I am trying to parallelize a code on a many-core system. While investigating scaling bottlenecks, I ended up removing everything down to a (nearly) empty for-loop, and finding that the scaling is still only 75% at 28 cores. The example below cannot incur any false sharing, heap contention, or memory bandwidth issues. I see similar or worse effects on a number of machines running Linux or Mac, with physical core counts from 8 up to 56, all with the processors otherwise idling.

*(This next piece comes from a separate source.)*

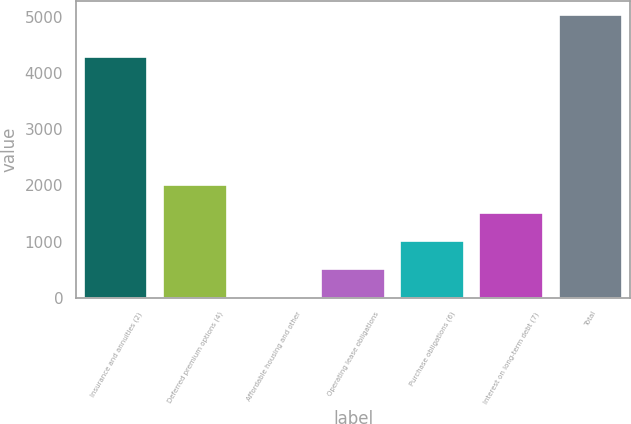Convert chart. <chart><loc_0><loc_0><loc_500><loc_500><bar_chart><fcel>Insurance and annuities (2)<fcel>Deferred premium options (4)<fcel>Affordable housing and other<fcel>Operating lease obligations<fcel>Purchase obligations (6)<fcel>Interest on long-term debt (7)<fcel>Total<nl><fcel>4294<fcel>2013.4<fcel>3<fcel>505.6<fcel>1008.2<fcel>1510.8<fcel>5029<nl></chart>

The plot shows a test on a dedicated HPC Linux node. It is a "weak scaling" test: the work load is proportional to the number of workers, and the vertical axis shows the rate-of-work done by all the threads combined, scaled to the ideal maximum for the hardware. Each thread runs 1 billion iterations of an empty for-loop. There is one trial for each thread count between 1 and 28. The run time is about 2 seconds per thread, so overhead from thread creation is not a factor.
Could this be the OS getting in our way? Or power consumption maybe? Can anybody produce an example of a calculation (however trivial, weak or strong) that exhibits 100% scaling on a high-core count machine?
Below is the C++ code to reproduce:
#include <vector>
#include <thread>
int main()
{
auto work = [] ()
{
auto x = 0.0;
for (auto i = 0; i < 1000000000; ++i)
{
// NOTE: behavior is similar whether or not work is
// performed here (although if no work is done, you
// cannot use an optimized build).
x += std::exp(std::sin(x) + std::cos(x));
}
std::printf("-> %lf\n", x); // make sure the result is used
};
for (auto num_threads = 1; num_threads < 40; ++num_threads)
{
auto handles = std::vector<std::thread>();
for (auto i = 0; i < num_threads; ++i)
{
handles.push_back(std::thread(work));
}
auto t0 = std::chrono::high_resolution_clock::now();
for (auto &handle : handles)
{
handle.join();
}
auto t1 = std::chrono::high_resolution_clock::now();
auto delta = std::chrono::duration<double, std::milli>(t1 - t0);
std::printf("%d %0.2lf\n", num_threads, delta.count());
}
return 0;
}
To run the example, make sure to compile without with optimizations: g++ -O3 -std=c++17 weak_scaling.cpp
. Here is Python code to reproduce the plot (assumes you pipe the program output to perf.dat
).
import numpy as np
import matplotlib.pyplot as plt
threads, time = np.loadtxt("perf.dat").T
a = time[0] / 28
plt.axvline(28, c='k', lw=4, alpha=0.2, label='Physical cores (28)')
plt.plot(threads, a * threads / time, 'o', mfc='none')
plt.plot(threads, a * threads / time[0], label='Ideal scaling')
plt.legend()
plt.ylim(0.0, 1.)
plt.xlabel('Number of threads')
plt.ylabel('Rate of work (relative to ideal)')
plt.grid(alpha=0.5)
plt.title('Trivial weak scaling on Intel Xeon E5-2680v4')
plt.show()
Update -- here is the same scaling on a 56-core node, and that node's architecture:
Update -- there are concerns in the comments that the build was unoptimized. The result is very similar if work is done in the loop, the result is not discarded, and -O3
is used.